CoNLoCNN: Exploiting Correlation and Non-Uniform Quantization for
Energy-Efficient Low-precision Deep Convolutional Neural Networks
- URL: http://arxiv.org/abs/2208.00331v1
- Date: Sun, 31 Jul 2022 01:34:56 GMT
- Title: CoNLoCNN: Exploiting Correlation and Non-Uniform Quantization for
Energy-Efficient Low-precision Deep Convolutional Neural Networks
- Authors: Muhammad Abdullah Hanif, Giuseppe Maria Sarda, Alberto Marchisio,
Guido Masera, Maurizio Martina, Muhammad Shafique
- Abstract summary: We propose a framework to enable energy-efficient low-precision deep convolutional neural network inference by exploiting non-uniform quantization of weights.
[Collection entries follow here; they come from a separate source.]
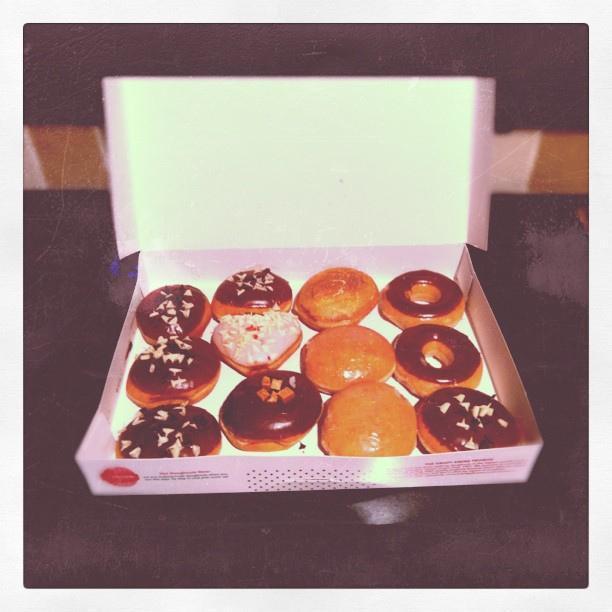How many donuts are chocolate?
Give a very brief answer. 8. How many donuts is on the plate?
Give a very brief answer. 12. How many donuts can be seen?
Give a very brief answer. 12. How many people are holding a surfboard?
Give a very brief answer. 0. 
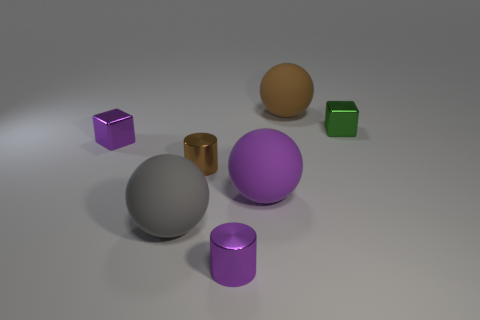Are there fewer small cylinders than tiny objects?
Offer a very short reply. Yes. What is the color of the cube that is to the left of the metallic cylinder in front of the tiny brown cylinder?
Provide a short and direct response. Purple. What is the material of the sphere that is behind the small cube right of the tiny purple object on the right side of the large gray matte sphere?
Your answer should be very brief. Rubber. There is a cylinder on the right side of the brown cylinder; is it the same size as the tiny brown cylinder?
Your response must be concise. Yes. What material is the purple object that is to the left of the large gray rubber object?
Provide a succinct answer. Metal. Is the number of cylinders greater than the number of large purple matte spheres?
Provide a short and direct response. Yes. What number of things are small shiny blocks that are behind the small purple block or tiny purple metal cylinders?
Make the answer very short. 2. There is a object that is to the right of the brown sphere; how many large purple balls are to the right of it?
Your response must be concise. 0. There is a block on the right side of the tiny purple object on the right side of the cube that is on the left side of the tiny green metallic cube; what is its size?
Ensure brevity in your answer.  Small. What is the size of the brown rubber thing that is the same shape as the gray object?
Your response must be concise. Large. 
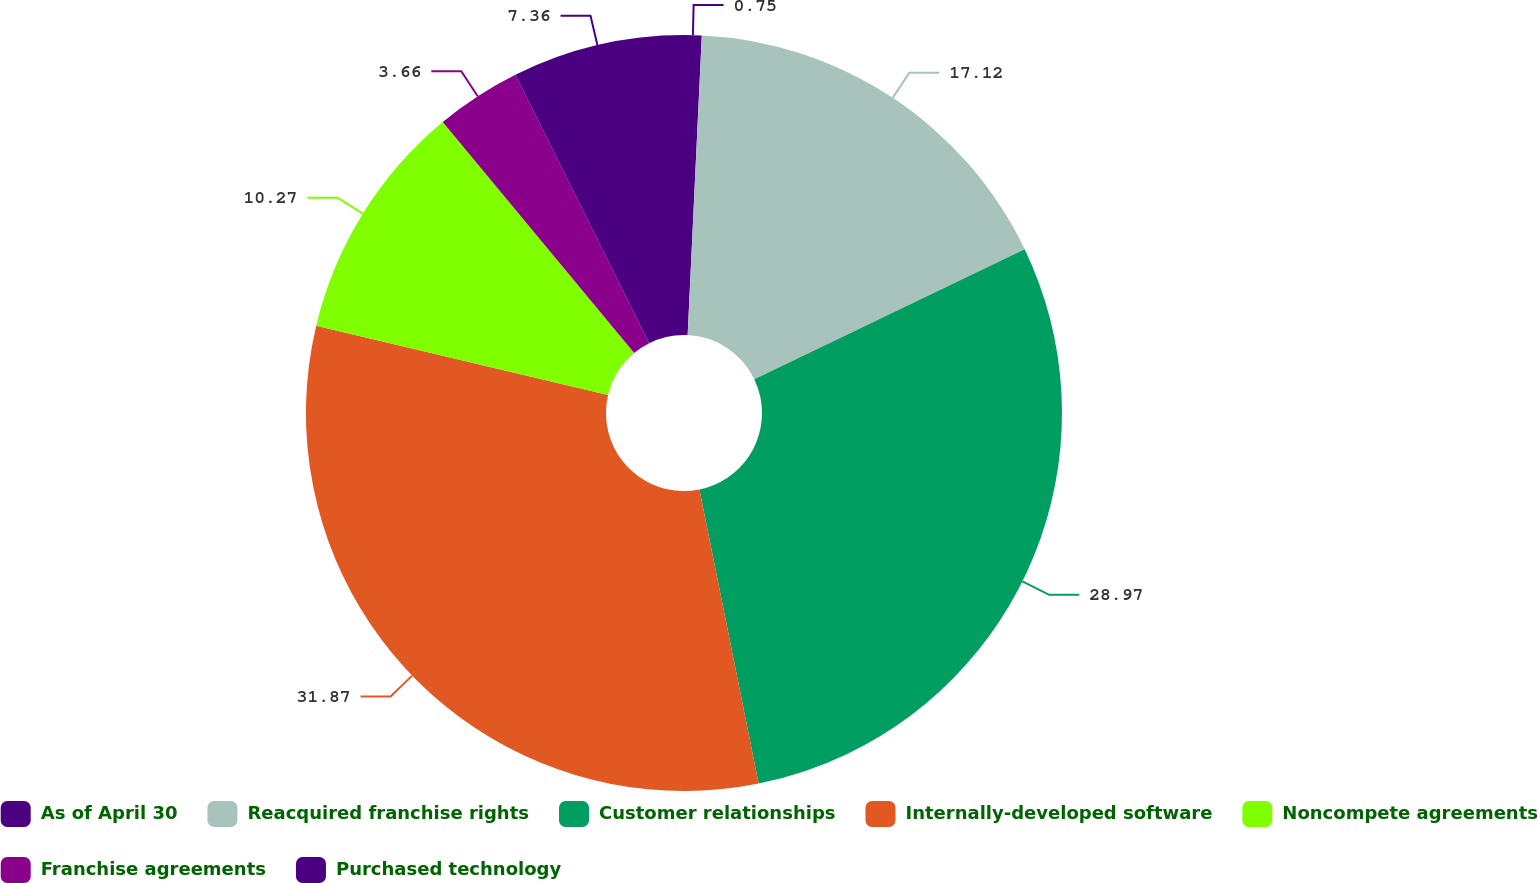Convert chart to OTSL. <chart><loc_0><loc_0><loc_500><loc_500><pie_chart><fcel>As of April 30<fcel>Reacquired franchise rights<fcel>Customer relationships<fcel>Internally-developed software<fcel>Noncompete agreements<fcel>Franchise agreements<fcel>Purchased technology<nl><fcel>0.75%<fcel>17.12%<fcel>28.97%<fcel>31.88%<fcel>10.27%<fcel>3.66%<fcel>7.36%<nl></chart>

We also propose a novel data representation format, Encoded Low-Precision Binary Signed Digit, to compress the bit-width of weights.
- Score: 13.520972975766313
- License: http://arxiv.org/licenses/nonexclusive-distrib/1.0/
- Abstract: In today's era of smart cyber-physical systems, Deep Neural Networks (DNNs)
have become ubiquitous due to their state-of-the-art performance in complex
real-world applications. The high computational complexity of these networks,
which translates to increased energy consumption, is the foremost obstacle
towards deploying large DNNs in resource-constrained systems. Fixed-Point (FP)
implementations achieved through post-training quantization are commonly used
to curtail the energy consumption of these networks. However, the uniform
quantization intervals in FP restrict the bit-width of data structures to large
values due to the need to represent most of the numbers with sufficient
resolution and avoid high quantization errors. In this paper, we leverage the
key insight that (in most of the scenarios) DNN weights and activations are
mostly concentrated near zero and only a few of them have large magnitudes. We
propose CoNLoCNN, a framework to enable energy-efficient low-precision deep
convolutional neural network inference by exploiting: (1) non-uniform
quantization of weights enabling simplification of complex multiplication
operations; and (2) correlation between activation values enabling partial
compensation of quantization errors at low cost without any run-time overheads.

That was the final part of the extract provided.